Сегодня матери дома не было. Вместо того чтобы бессмысленно ходить по квартире или кинуться на кладбище, Лариса поехала на работу. Зная мать, Карлушка понимал, что для нее сейчас легче и нужнее возиться с рассадой, готовить лунки – что они еще там делают в Ботаническом саду? – чем взять в руки отцовскую чашку или подойти к его столу. Он читал, что у какого-то племени есть обычай собрать все вещи умершего и сжечь. Взгляд упал на перстень. Невозможно было представить себе, что он превратится в закопченный плевочек металла. Медленно повертел перстень и выдвинул верхний ящик стола.
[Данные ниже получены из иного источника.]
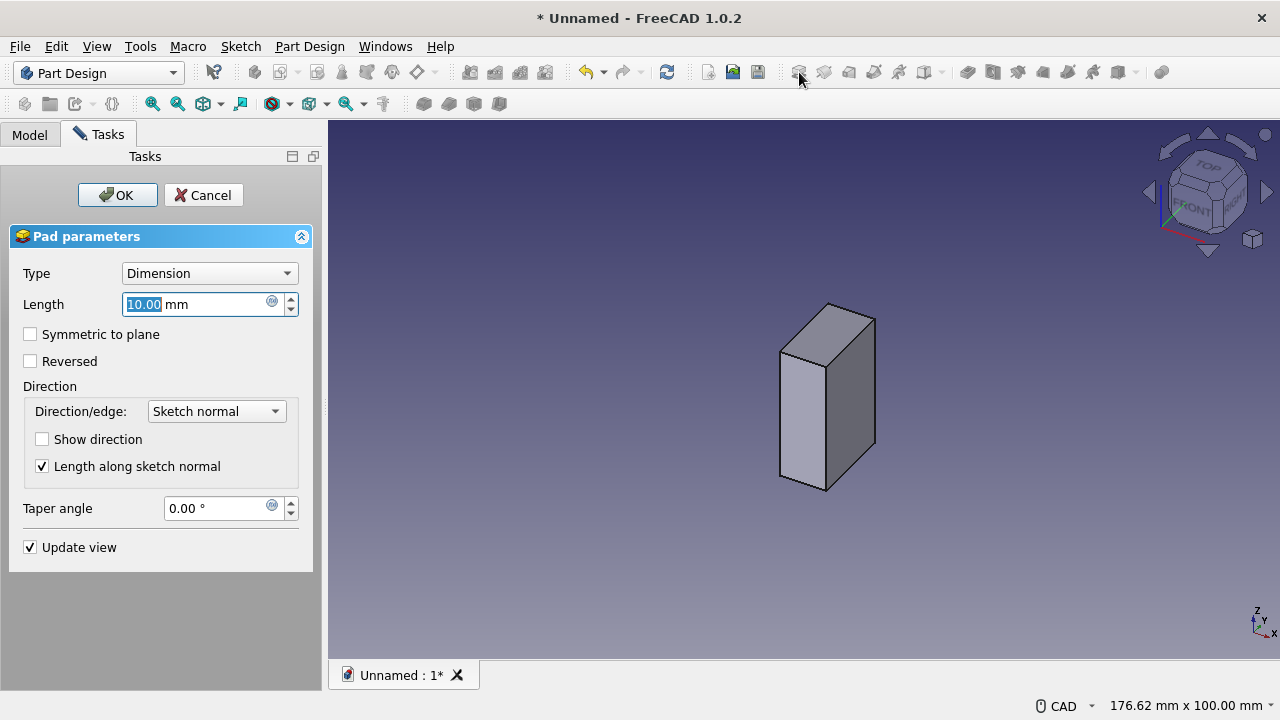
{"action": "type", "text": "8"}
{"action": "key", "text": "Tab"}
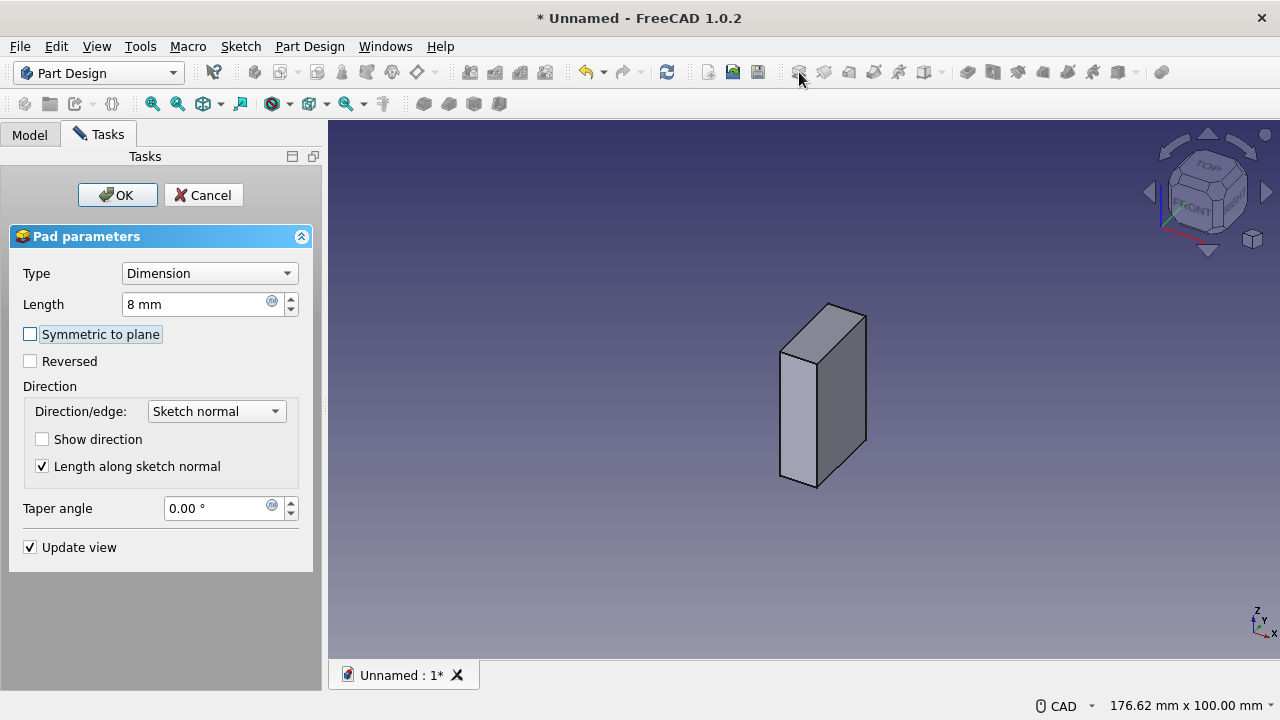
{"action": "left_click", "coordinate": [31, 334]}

Деревянная сигарная коробка с яркими картинками на крышке и пузатыми буквами HABANA, синяя записная книжка – отец всегда носил ее в кармане пиджака – и… маленький черный резиновый мячик, выкатившийся из дальнего угла так резво, словно возник из памяти Карла и отбросил его на двадцать лет назад, в веселое летнее утро, где отец, молодой и стройный, кричит: «Лови!» – и мячик летит, обгоняя Карлушку, тонет в яркой густой траве, а он, запыхавшись, раздвигает шелковистую зелень и с торжеством приносит отцу трофей – черный мячик с красной поперечной полоской, блестящий от росы. «Лови!» – кричит теперь он и кидает мячик со всей силы, но отец смеясь перехватывает его на лету. Поодаль стоит Пик, черный пес, с вожделением глядя на мячик, и хвост его напряженно ходит из стороны в сторону.